Your goal: Exclude the images, then return every line below exactly as written.

[Stored dataset items]
------------------------------------------------------------------------
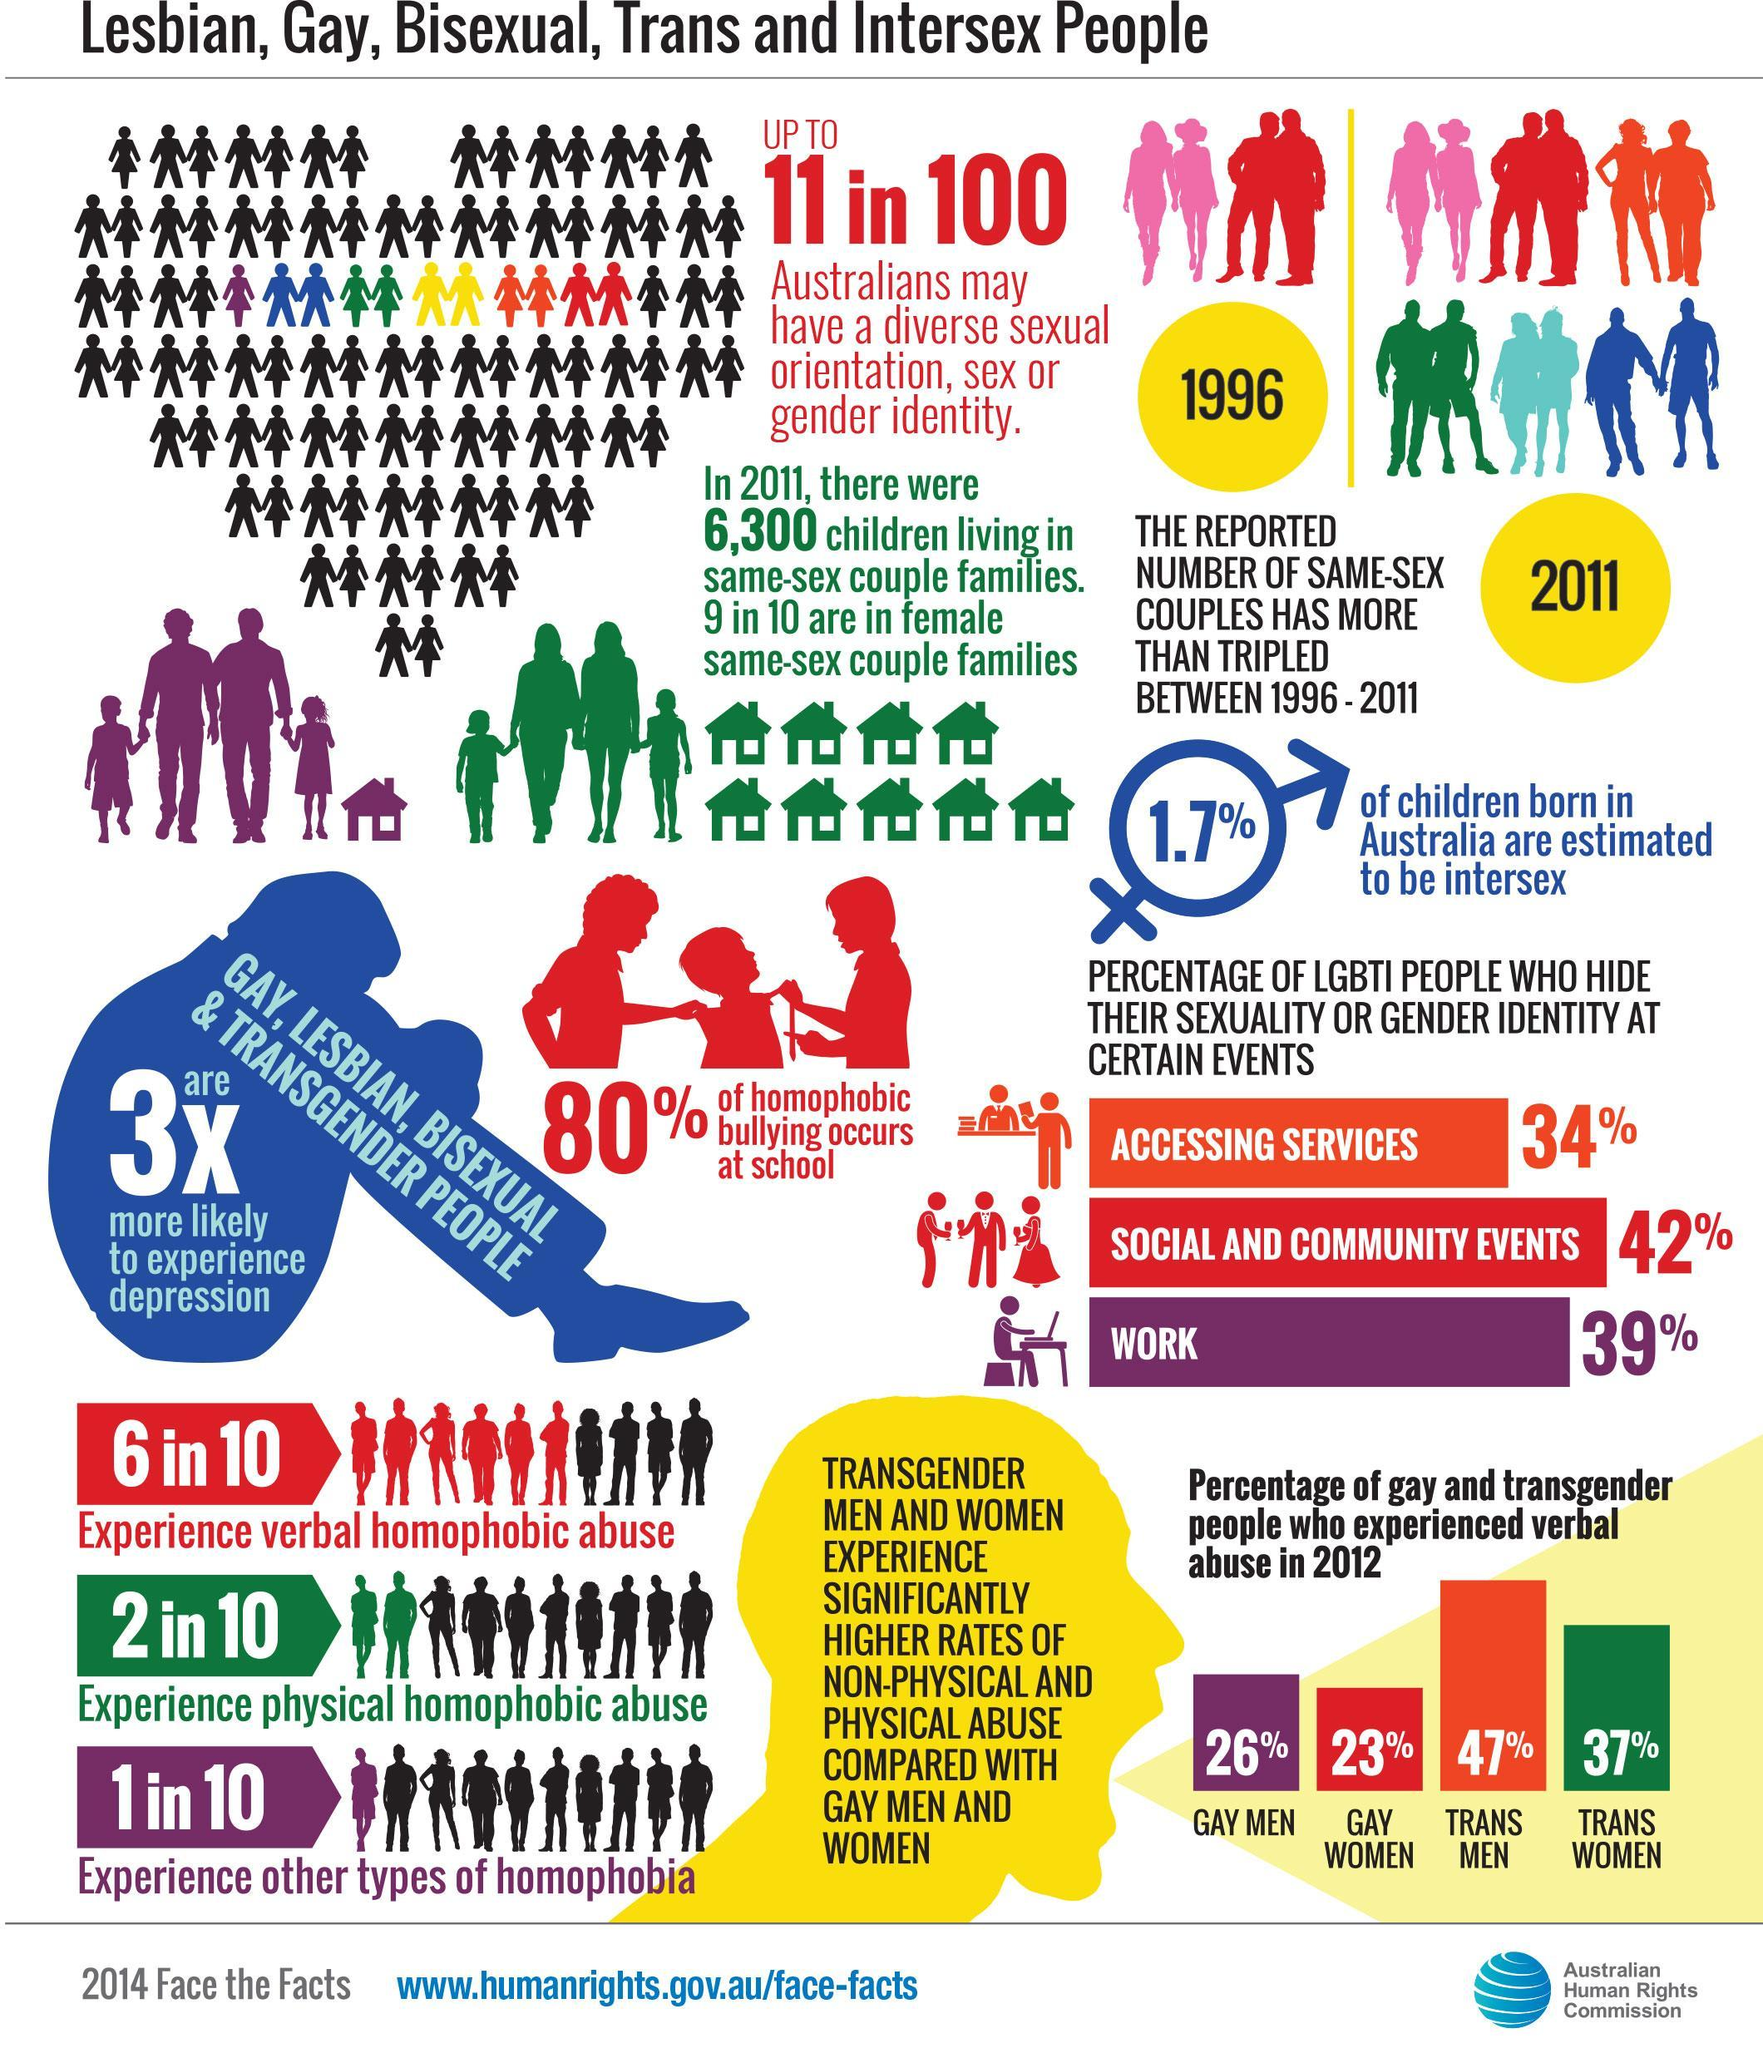Which group of LGBTI people experienced verbal abuse the second most in 2012?
Answer the question with a short phrase. Trans women In Which event do LGBTI people hide their sexuality the second most? work What percent of LGBTI people experience verbal homophobic abuse? 60% What percent of LGBTI people experience other types of homophobia? 10% Which group of LGBTI people experienced verbal abuse the third most in 2012? gay men What percentage of 6300 children are in female same-sex couple families in 2011? 90% In Which event do LGBTI people hide their sexuality the most? Social and community events What percent of LGBTI people experience physical homophobic abuse? 20% Which group of LGBTI people experienced verbal abuse the most in 2012? Trans men What percent of Australians may have a diverse sexual orientation, sex or gender identity? 11% 
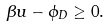Convert formula to latex. <formula><loc_0><loc_0><loc_500><loc_500>\beta u - \phi _ { D } \geq 0 .</formula> 
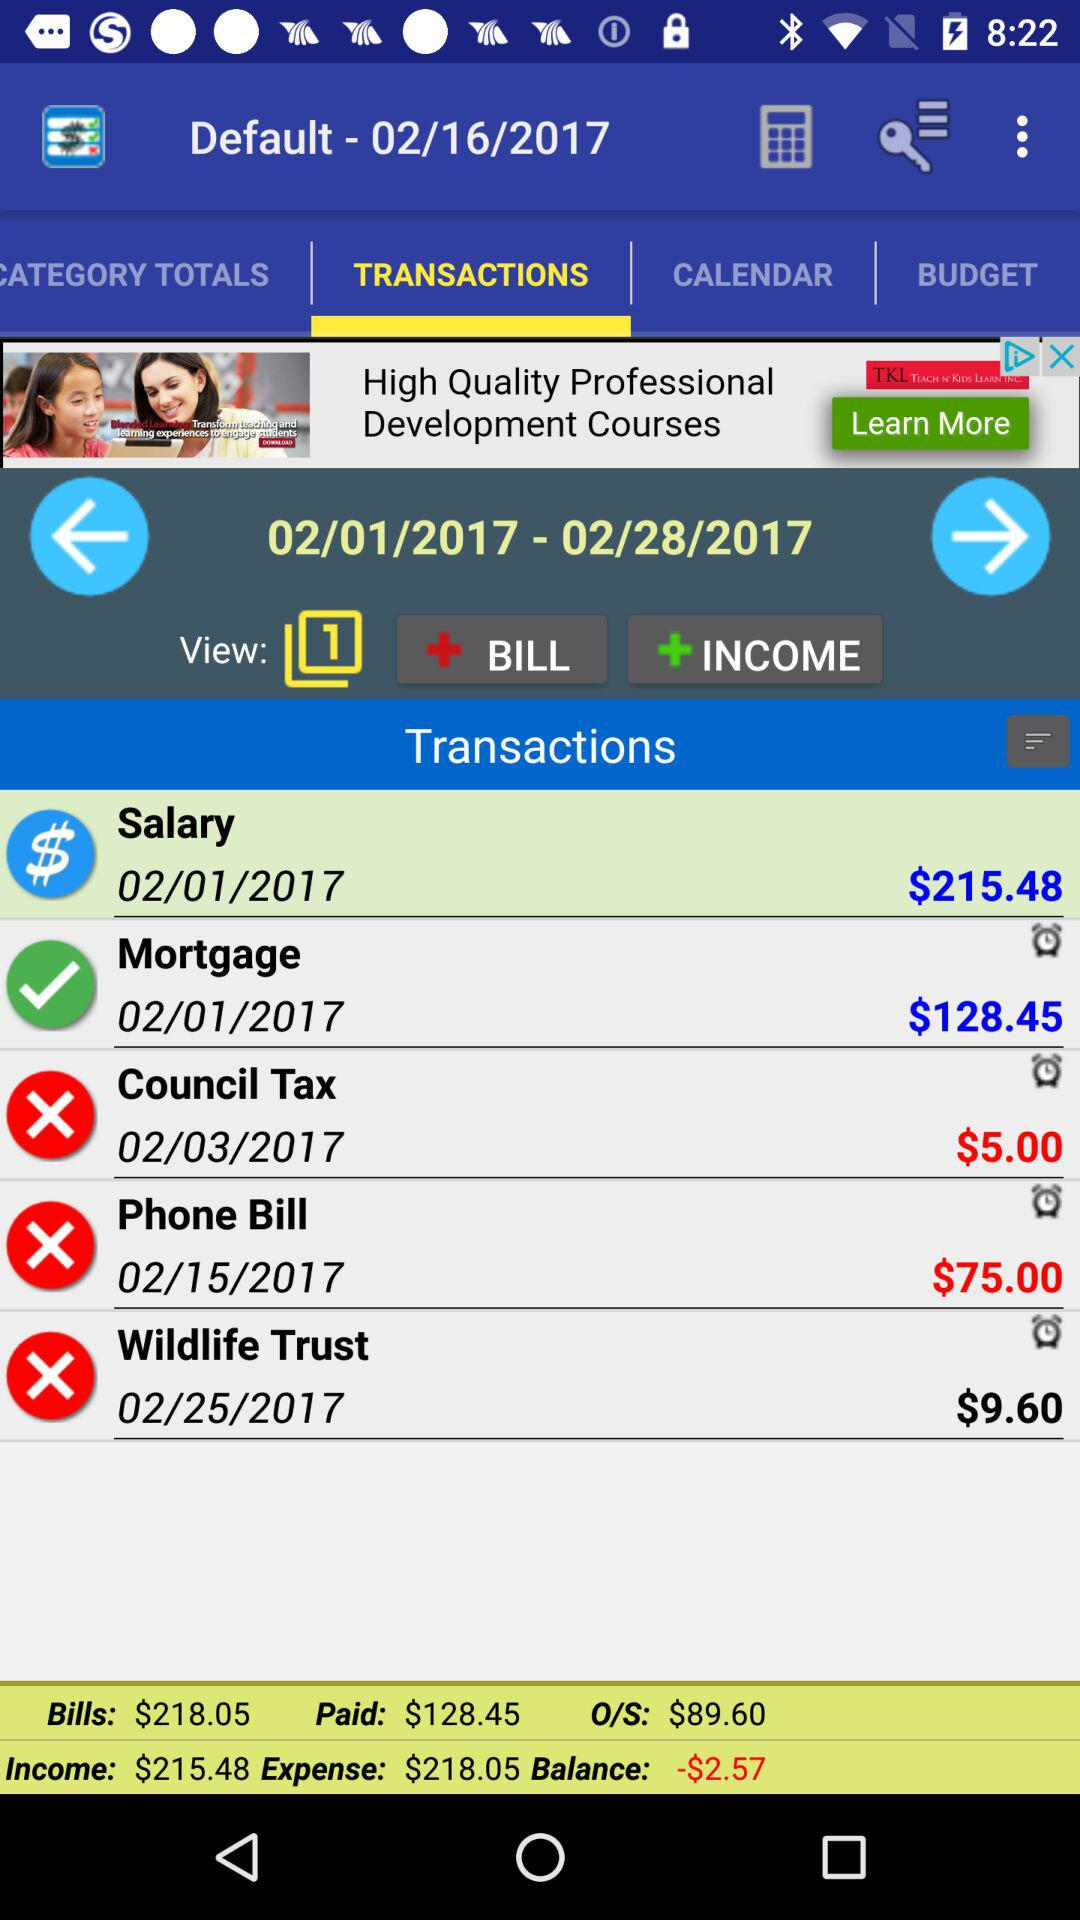What is the council tax amount? The council tax amount is $5.00. 
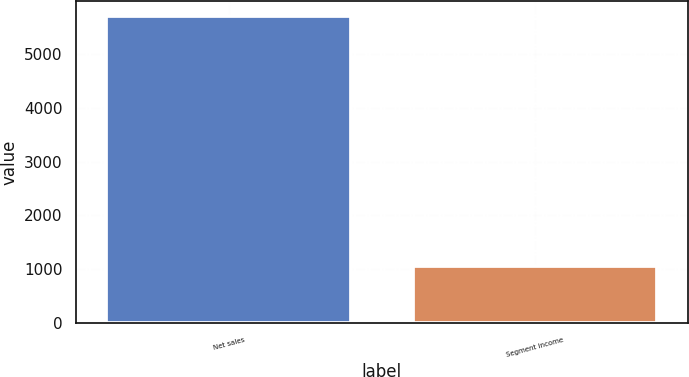Convert chart. <chart><loc_0><loc_0><loc_500><loc_500><bar_chart><fcel>Net sales<fcel>Segment income<nl><fcel>5690<fcel>1060<nl></chart> 
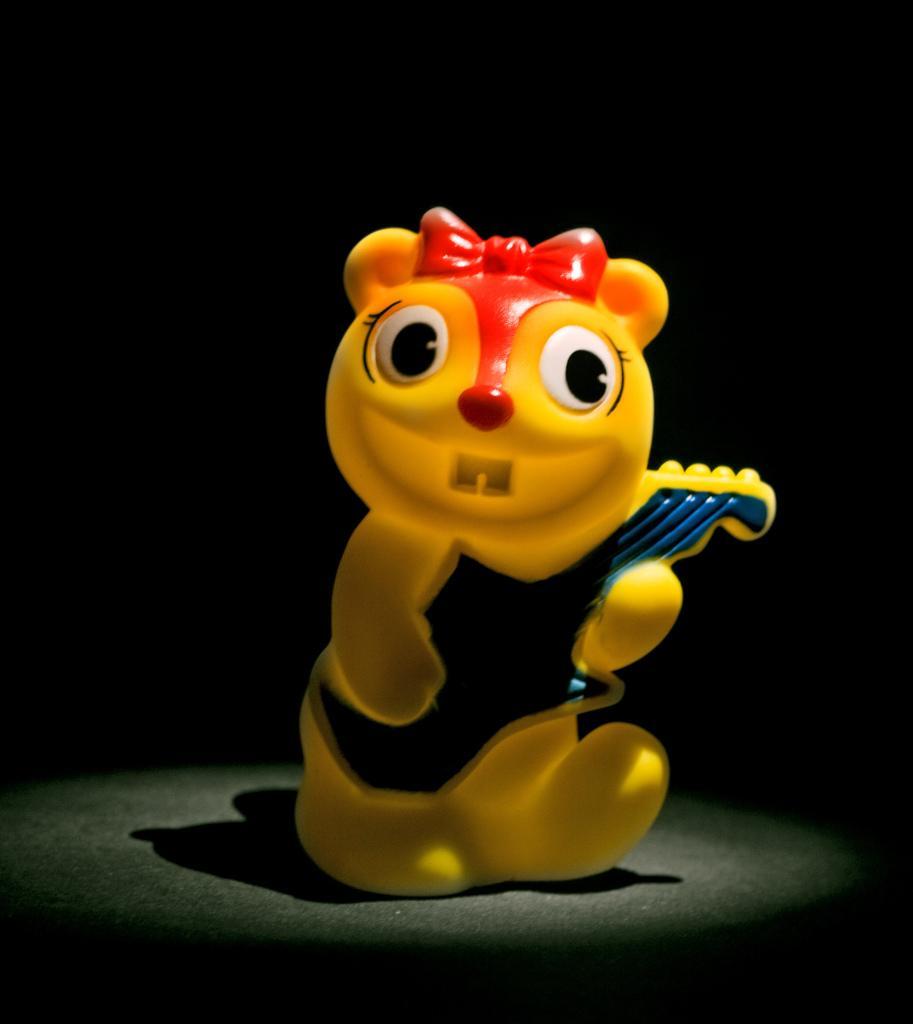Could you give a brief overview of what you see in this image? In the center of the image there is a toy on the surface.
------------------------------------------------------------------------
Output of the exercise:
Which group of LGBTI people experienced verbal abuse the second most in 2012?
Answer the question with a short phrase. Trans women In Which event do LGBTI people hide their sexuality the second most? work What percent of LGBTI people experience verbal homophobic abuse? 60% What percent of LGBTI people experience other types of homophobia? 10% Which group of LGBTI people experienced verbal abuse the third most in 2012? gay men What percentage of 6300 children are in female same-sex couple families in 2011? 90% In Which event do LGBTI people hide their sexuality the most? Social and community events What percent of LGBTI people experience physical homophobic abuse? 20% Which group of LGBTI people experienced verbal abuse the most in 2012? Trans men What percent of Australians may have a diverse sexual orientation, sex or gender identity? 11% 
Convert formula to latex. <formula><loc_0><loc_0><loc_500><loc_500>\beta u - \phi _ { D } \geq 0 .</formula> 
What is the council tax amount? The council tax amount is $5.00. 
Convert chart. <chart><loc_0><loc_0><loc_500><loc_500><bar_chart><fcel>Net sales<fcel>Segment income<nl><fcel>5690<fcel>1060<nl></chart> 
Could you give a brief overview of what you see in this image? In the center of the image there is a toy on the surface.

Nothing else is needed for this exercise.